## Work to be completed
The records below need to be repeated exactly, with every picture left out.

## The input
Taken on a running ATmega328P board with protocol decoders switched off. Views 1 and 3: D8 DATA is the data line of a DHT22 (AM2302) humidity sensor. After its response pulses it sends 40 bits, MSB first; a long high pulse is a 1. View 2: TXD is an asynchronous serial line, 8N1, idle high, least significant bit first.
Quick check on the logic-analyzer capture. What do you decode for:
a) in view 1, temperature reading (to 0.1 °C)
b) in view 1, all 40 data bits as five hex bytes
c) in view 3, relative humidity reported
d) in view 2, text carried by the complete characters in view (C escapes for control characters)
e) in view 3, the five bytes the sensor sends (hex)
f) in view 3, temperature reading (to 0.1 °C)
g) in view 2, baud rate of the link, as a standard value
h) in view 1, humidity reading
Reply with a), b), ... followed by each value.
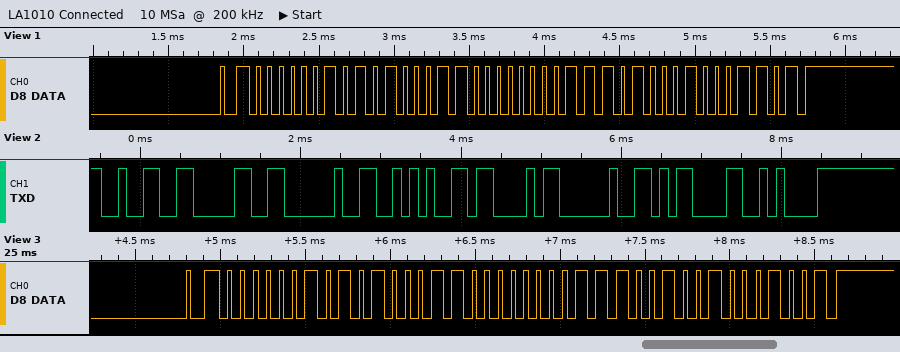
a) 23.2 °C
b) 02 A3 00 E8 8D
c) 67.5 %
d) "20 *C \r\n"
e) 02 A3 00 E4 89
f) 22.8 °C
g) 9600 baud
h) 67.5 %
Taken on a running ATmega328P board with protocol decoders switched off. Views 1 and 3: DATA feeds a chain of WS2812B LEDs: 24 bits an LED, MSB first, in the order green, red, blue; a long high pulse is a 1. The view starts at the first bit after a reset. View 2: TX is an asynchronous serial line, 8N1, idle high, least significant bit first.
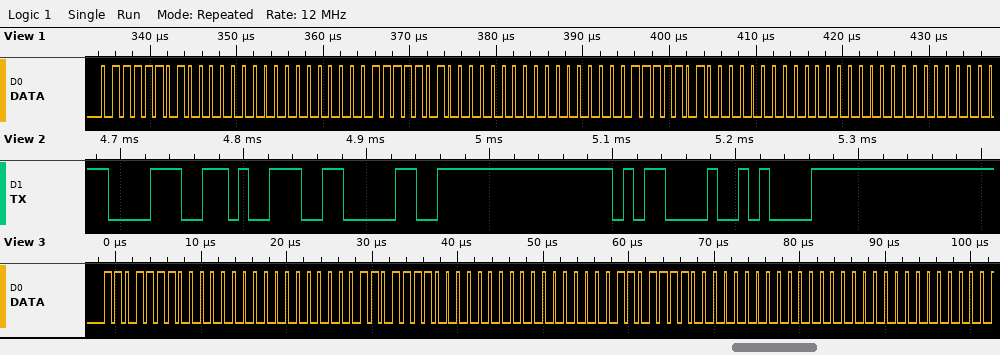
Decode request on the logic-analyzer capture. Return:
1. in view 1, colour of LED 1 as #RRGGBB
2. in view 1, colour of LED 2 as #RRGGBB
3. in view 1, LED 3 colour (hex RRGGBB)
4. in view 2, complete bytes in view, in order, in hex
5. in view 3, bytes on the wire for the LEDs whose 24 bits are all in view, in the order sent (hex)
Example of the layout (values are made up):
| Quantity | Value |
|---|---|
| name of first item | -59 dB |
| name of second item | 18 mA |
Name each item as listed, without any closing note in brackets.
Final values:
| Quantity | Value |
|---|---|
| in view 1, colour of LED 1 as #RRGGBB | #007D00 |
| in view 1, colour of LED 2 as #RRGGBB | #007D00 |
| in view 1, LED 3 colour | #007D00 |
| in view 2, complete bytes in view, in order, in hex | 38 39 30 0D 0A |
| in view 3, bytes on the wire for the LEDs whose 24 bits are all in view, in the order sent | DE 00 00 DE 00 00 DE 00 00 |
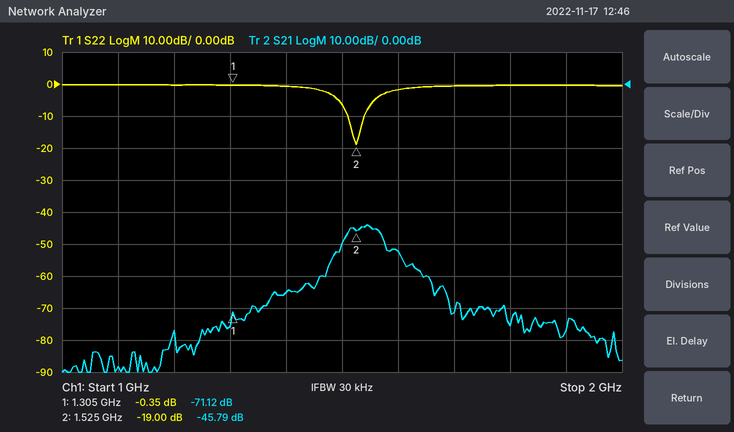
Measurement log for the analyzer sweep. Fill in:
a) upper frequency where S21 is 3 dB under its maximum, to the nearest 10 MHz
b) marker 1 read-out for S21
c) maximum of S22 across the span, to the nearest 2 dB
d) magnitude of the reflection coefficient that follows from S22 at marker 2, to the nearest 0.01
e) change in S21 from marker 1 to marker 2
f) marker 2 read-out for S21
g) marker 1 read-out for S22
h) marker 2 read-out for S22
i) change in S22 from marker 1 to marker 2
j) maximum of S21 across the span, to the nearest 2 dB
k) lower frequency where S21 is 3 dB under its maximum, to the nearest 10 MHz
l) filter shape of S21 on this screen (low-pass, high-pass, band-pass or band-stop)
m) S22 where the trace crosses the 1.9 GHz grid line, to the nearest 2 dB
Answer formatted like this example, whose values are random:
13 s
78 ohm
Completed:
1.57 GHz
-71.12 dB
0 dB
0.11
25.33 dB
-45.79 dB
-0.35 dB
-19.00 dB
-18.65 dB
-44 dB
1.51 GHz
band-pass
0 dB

## Your response
Taken on a running ATmega328P board with protocol decoders switched off. Views 1 and 3: D8 DATA is the data line of a DHT22 (AM2302) humidity sensor. After its response pulses it sends 40 bits, MSB first; a long high pulse is a 1. View 2: TXD is an asynchronous serial line, 8N1, idle high, least significant bit first.
Quick check on the logic-analyzer capture. What do you decode for:
a) in view 1, temperature reading (to 0.1 °C)
b) in view 1, all 40 data bits as five hex bytes
c) in view 3, relative humidity reported
d) in view 2, text carried by the complete characters in view (C escapes for control characters)
e) in view 3, the five bytes the sensor sends (hex)
f) in view 3, temperature reading (to 0.1 °C)
g) in view 2, baud rate of the link, as a standard value
h) in view 1, humidity reading
Reply with a), b), ... followed by each value.
a) 23.2 °C
b) 02 A3 00 E8 8D
c) 67.5 %
d) "20 *C \r\n"
e) 02 A3 00 E4 89
f) 22.8 °C
g) 9600 baud
h) 67.5 %
Taken on a running ATmega328P board with protocol decoders switched off. Views 1 and 3: DATA feeds a chain of WS2812B LEDs: 24 bits an LED, MSB first, in the order green, red, blue; a long high pulse is a 1. The view starts at the first bit after a reset. View 2: TX is an asynchronous serial line, 8N1, idle high, least significant bit first.
Decode request on the logic-analyzer capture. Return:
1. in view 1, colour of LED 1 as #RRGGBB
2. in view 1, colour of LED 2 as #RRGGBB
3. in view 1, LED 3 colour (hex RRGGBB)
4. in view 2, complete bytes in view, in order, in hex
5. in view 3, bytes on the wire for the LEDs whose 24 bits are all in view, in the order sent (hex)
Example of the layout (values are made up):
| Quantity | Value |
|---|---|
| name of first item | -59 dB |
| name of second item | 18 mA |
Name each item as listed, without any closing note in brackets.
Final values:
| Quantity | Value |
|---|---|
| in view 1, colour of LED 1 as #RRGGBB | #007D00 |
| in view 1, colour of LED 2 as #RRGGBB | #007D00 |
| in view 1, LED 3 colour | #007D00 |
| in view 2, complete bytes in view, in order, in hex | 38 39 30 0D 0A |
| in view 3, bytes on the wire for the LEDs whose 24 bits are all in view, in the order sent | DE 00 00 DE 00 00 DE 00 00 |
Measurement log for the analyzer sweep. Fill in:
a) upper frequency where S21 is 3 dB under its maximum, to the nearest 10 MHz
b) marker 1 read-out for S21
c) maximum of S22 across the span, to the nearest 2 dB
d) magnitude of the reflection coefficient that follows from S22 at marker 2, to the nearest 0.01
e) change in S21 from marker 1 to marker 2
f) marker 2 read-out for S21
g) marker 1 read-out for S22
h) marker 2 read-out for S22
i) change in S22 from marker 1 to marker 2
j) maximum of S21 across the span, to the nearest 2 dB
k) lower frequency where S21 is 3 dB under its maximum, to the nearest 10 MHz
l) filter shape of S21 on this screen (low-pass, high-pass, band-pass or band-stop)
m) S22 where the trace crosses the 1.9 GHz grid line, to the nearest 2 dB
Answer formatted like this example, whose values are random:
13 s
78 ohm
Completed:
1.57 GHz
-71.12 dB
0 dB
0.11
25.33 dB
-45.79 dB
-0.35 dB
-19.00 dB
-18.65 dB
-44 dB
1.51 GHz
band-pass
0 dB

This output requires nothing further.